Contracts
What Is a Contract?
A task contract defines exactly what must be true before a task is considered complete. Agents know how to start tasks but often struggle to know when to stop. Contracts solve this by making "done" deterministic.
Without a contract, agents will:
- Implement stubs and call it done
- Skip verification steps
- Stop at first working attempt (not best attempt)
When to Use Contracts
| Scenario | Use a Contract? |
|---|---|
| Multi-step feature implementation | Yes |
| Bug fix with specific reproduction steps | Yes |
| Large refactor with many files | Yes |
| Simple typo fix | No |
| Single function edit with obvious scope | No |
Rule of thumb: If the task has more than one verification criterion, write a contract.
Contract Template
Save as tasks/{task-name}_CONTRACT.md:
# Contract: [Task Name]
## Goal
[1-2 sentences: what does "done" look like in plain language?]
## Completion Criteria
### Tests (must ALL pass)
- [ ] `[test name or file]` — [what it verifies]
- [ ] `[test name or file]` — [what it verifies]
### Verification (must ALL be confirmed)
- [ ] Typecheck passes (`npx tsc --noEmit` or equivalent)
- [ ] Lint passes (`npm run lint` or equivalent)
- [ ] Smoke test: [specific manual verification step]
### Behavioral Checks (if applicable)
- [ ] [Endpoint/page/CLI] returns expected result for [input]
- [ ] [Screenshot/visual] matches expected design
- [ ] [Performance] stays within [threshold]
## Out of Scope
- [Things explicitly NOT part of this contract]
## Termination Rule
Do NOT end the session until every checkbox above is checked.
If a criterion cannot be met, document WHY and ask the user.How Contracts Work with Hooks
Advisory (default)
The agent reads the contract at task start and self-enforces. This works well with the compaction recovery rule — after compaction, the agent re-reads the contract.
Enforced (via stop hook)
For critical tasks, modify the stop hook to check contract completion:
#!/usr/bin/env bash
set -euo pipefail
CONTRACT=$(find tasks/ -name "*_CONTRACT.md" -newer tasks/todo.md 2>/dev/null | head -1)
if [ -n "$CONTRACT" ]; then
UNCHECKED=$(grep -c '^\- \[ \]' "$CONTRACT" 2>/dev/null || echo "0")

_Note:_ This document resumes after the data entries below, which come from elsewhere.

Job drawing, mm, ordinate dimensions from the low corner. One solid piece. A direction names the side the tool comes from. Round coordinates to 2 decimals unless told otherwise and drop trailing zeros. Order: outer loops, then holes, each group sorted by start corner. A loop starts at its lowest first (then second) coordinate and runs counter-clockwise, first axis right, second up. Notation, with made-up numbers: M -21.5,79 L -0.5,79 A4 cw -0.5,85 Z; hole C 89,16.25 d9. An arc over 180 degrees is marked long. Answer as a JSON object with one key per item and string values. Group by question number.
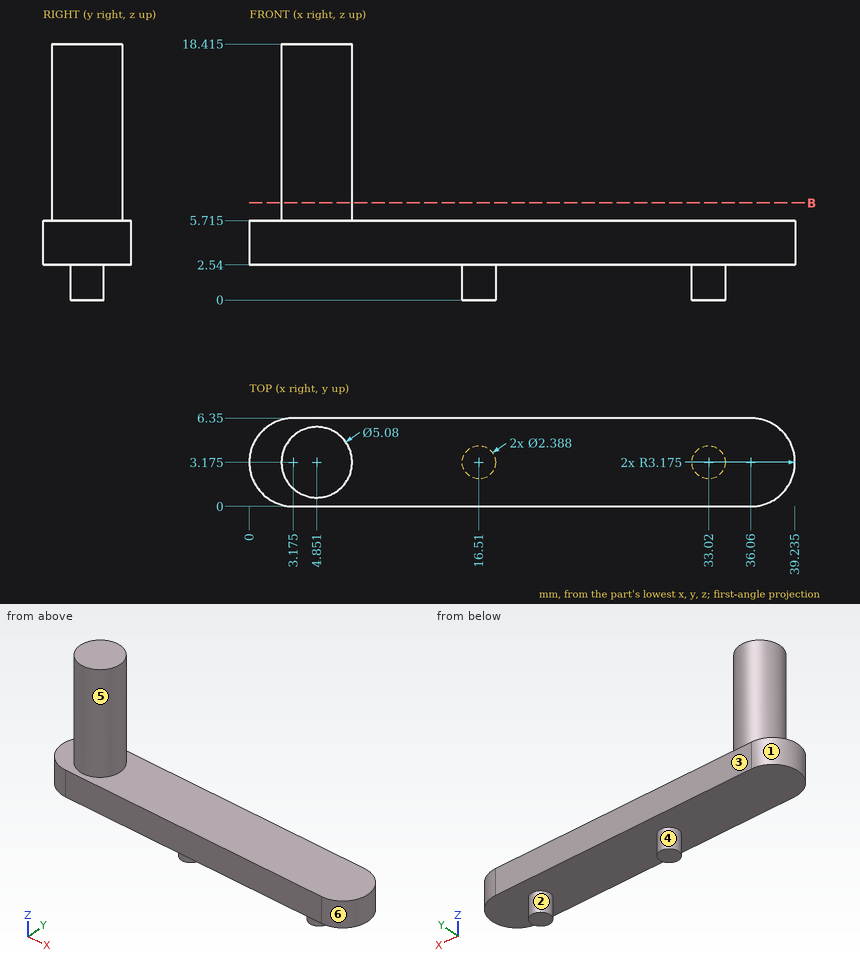
Item 1: Cut at B-B, the plane z = 7. Give the cut face in (x, y) (1 decimal), and give its area (3 significant figures).
Item 2: Drill centre lines: line 1 (Z direction, x = 27, y = 5.5) (1 decimal); line 2 (X direction, y = 3, z = 14.25) (1 decimal); line 3 (X direction, y = 2, z = 13.5). Where is each one in solid material? Low to high. Write a range as [from, to].
Item 3: Flat gauge pin, fed straight in: pin 1 Ø3 at (x, y) = (14, 3.5) entering from +Z (3 decimals). Where does the tip first touch, or does it go through?
Item 4: 3-axis set-ups, long thin cutter, end or side, ignore diameter. For the marked faces 4, 5 and 6: which of +Z, -Z, +X, -X, +Y, -Y reach the whole face in a straight line?
Item 5: Two-plate mould, pull along X, no slides. Class the marked faces 1, 2 and 3: +X half, -X half, draft (parallel to the pull), parting line (faces both ways), or undercut.
Response values:
{
 "1": {"outline": "C 4.9,3.2 d5.1", "area": "20.3 mm^2"},
 "2": {"line 1": "[2.5, 5.7]", "line 2": "[2.3, 7.4]", "line 3": "[2.6, 7.1]"},
 "3": {"pin 1": "z = 5.715"},
 "4": {"face 4": "-Z", "face 5": "+Z", "face 6": "+Z, -Z, +X"},
 "5": {"face 1": "-X half", "face 2": "undercut", "face 3": "draft"}
}
Model file for the job. Use its own axes, mm. A direction names the side the tool comes from. Give positions to 0.01 mm unless a question says otherwise; leave off trailing zeros. Loops run counter-clockwise (first coordinate to the right, second up) from the corner with the lowest first, then second, coordinate; pieces in that order, holes last. Notation, with made-up numbers: (23.5, 59) - (61.5, 59) arc R17 cw to (61.5, 80) - close; hole circle Ø4 at (15.25, 7.5). An arc over 180 degrees is marked (long way). Use a Markdown table: item, result.
from build123d import *

# Parameters (mm, degrees)
F0_W     = 100
F0_H     = 15
F3_DEPTH = 55


with BuildPart() as f1:
    # F0 (on Front) → F1 (revolve)
    with BuildSketch(Plane.XZ):
        with Locations((0, 7.5)):
            Rectangle(F0_W, F0_H)
    revolve(axis=Axis((0, 0, 0), (1, 0, 0)))

    # F2 (on face) → F3 (cut)
    with BuildSketch(Plane(origin=(-50, 0, 0), x_dir=(0, -1, 0), z_dir=(-1, 0, 0))):
        with BuildLine():
            Line((3, 12), (3, 14.6969384567))
            ThreePointArc((3, 14.6969384567), (0, 15), (-3, 14.6969384567))
            Line((-3, 14.6969384567), (-3, 12))
            Line((-3, 12), (3, 12))
        make_face()
    extrude(amount=-F3_DEPTH, mode=Mode.SUBTRACT)


solid = f1.part
(1) Drill centre lines: probe 1 along X at (y, z) = (-0.5, 12.75); probe 2 along Y at (x, z) = (-43, 13.5); probe 3 along Y at (x, z) = (0, 0.25). Where is each one in solid material? Low to high. Write a range as [from, to].
Computed:
| item | result |
|---|---|
| probe 1 | [5, 50] |
| probe 2 | [-6.54, -3], [3, 6.54] |
| probe 3 | [-15, 15] |
(2) Pin check, flat tips, straight feed: P1, Ø5, axis at x = -10.5, z = 11, coming from the +Y side; P2, Ø1.3, axis at x = -14, z = 13, coming from the +Y side; P3, Ø10, axis at x = -30.5, y = 5.5, coming from the +Z side. Stop position of each tip, or through.
Computed:
| item | result |
|---|---|
| P1 | y = 12.36 |
| P2 | y = 8.51 |
| P3 | z = 14.7 |
(3) Slice it at A-A, the plane y = 0. Write the cut outline in (x, z), plus the area to 4 significant figures.
Computed:
| item | result |
|---|---|
| outline | (-50, -15) - (50, -15) - (50, 15) - (5, 15) - (5, 12) - (-50, 12) - close |
| area | 2,835 mm² |
(4) 3-axis set-ups, long thin cutter, end or side, ignore diameter. For faces 4 (the flat face through (-50, 0, 0)), 5 (the flat face through (5, 0, 14)): which of +Z, -Z, +X, -X, +Y, -Y reach the whole face in a straight line?
Computed:
| item | result |
|---|---|
| face 4 | +Z, -Z, -X, +Y, -Y |
| face 5 | +Z, -X |
(5) Slice it at D-D, the plane x = -22. Write the cut outline in (y, z).
Computed:
| item | result |
|---|---|
| outline | (-3, 12) - (-3, 14.7) arc R15 ccw (long way) to (3, 14.7) - (3, 12) - close |
(6) Slice it at C-C, the plane z = -5.5. Write the cut outline in (x, y), plus the area to 3 significant figures.
Computed:
| item | result |
|---|---|
| outline | (-50, -13.96) - (50, -13.96) - (50, 13.96) - (-50, 13.96) - close |
| area | 2,790 mm² |
(7) Slice it at B-B, the plane x = 7. Write the cut outline in (y, z), plus the area to 3 significant figures.
Computed:
| item | result |
|---|---|
| outline | circle Ø30 at (0, 0) |
| area | 707 mm² |
(8) Mould opens along Y. For faces 1 (the cylindrical face through (0.7, -4.506, 14.307)), 2 (the flat face through (-23, -3, 13)), 3 (the flat face through (50, 0, 0)) say: pulls with the +Y half, pulls with the -Y half, needs draft (parallel to the pull), parting line crosses it, or undercut.
Computed:
| item | result |
|---|---|
| face 1 | parting line crosses it |
| face 2 | undercut |
| face 3 | needs draft |

if [ "$UNCHECKED" -gt 0 ]; then
echo "BLOCKED: Contract has $UNCHECKED unchecked criteria in $CONTRACT"
exit 2
fi
fi
exit 0This prevents the agent from terminating until all contract checkboxes are marked done.
Contract Lifecycle
Define Contract → Start Session → Implement → Verify Against Contract → All Checked? → Done
↑ ↓ (No)
└────────────── Fix & Retry ─────────┘- Before starting: Write the contract with specific, testable criteria
- During work: Check off criteria as they're verified
- Before stopping: All criteria must be checked
- If blocked: Document the blocker, ask the user
Writing Good Criteria
Do
- Make criteria binary (pass/fail, not subjective)
- Reference specific test files, commands, or endpoints
- Include the exact command to run for verification
- Keep criteria independent (one failure doesn't cascade)
Don't
- Write vague criteria ("code should be clean")
- Include subjective quality judgments
- Make criteria that require human interpretation
- Bundle multiple checks into one criterion
Example Contract
# Contract: Add Rate Limiting to Upload API
## Goal
The /api/upload endpoint enforces per-IP rate limiting (10 req/min) and returns 429 with Retry-After header when exceeded.
## Completion Criteria
### Tests
- [ ] `tests/unit/rate-limiter.test.ts` — limits requests per window
- [ ] `tests/unit/rate-limiter.test.ts` — resets after window expires
- [ ] `tests/integration/upload.test.ts` — returns 429 on limit breach
- [ ] `tests/integration/upload.test.ts` — includes Retry-After header
### Verification
- [ ] `npx tsc --noEmit` passes
- [ ] `npm run lint` passes
- [ ] All tests pass: `npm test`
- [ ] Smoke test: `for i in $(seq 1 12); do curl -s -o /dev/null -w "%{http_code}" localhost:3000/api/upload; done` — last 2 return 429
### Behavioral Checks
- [ ] Rate limit state is per-IP, not global
- [ ] Existing upload functionality still works normally
## Out of Scope
- Rate limiting for other endpoints
- Redis-backed rate limiting (use in-memory for now)
- Admin bypass for rate limits
## Termination Rule
Do NOT end the session until every checkbox above is checked.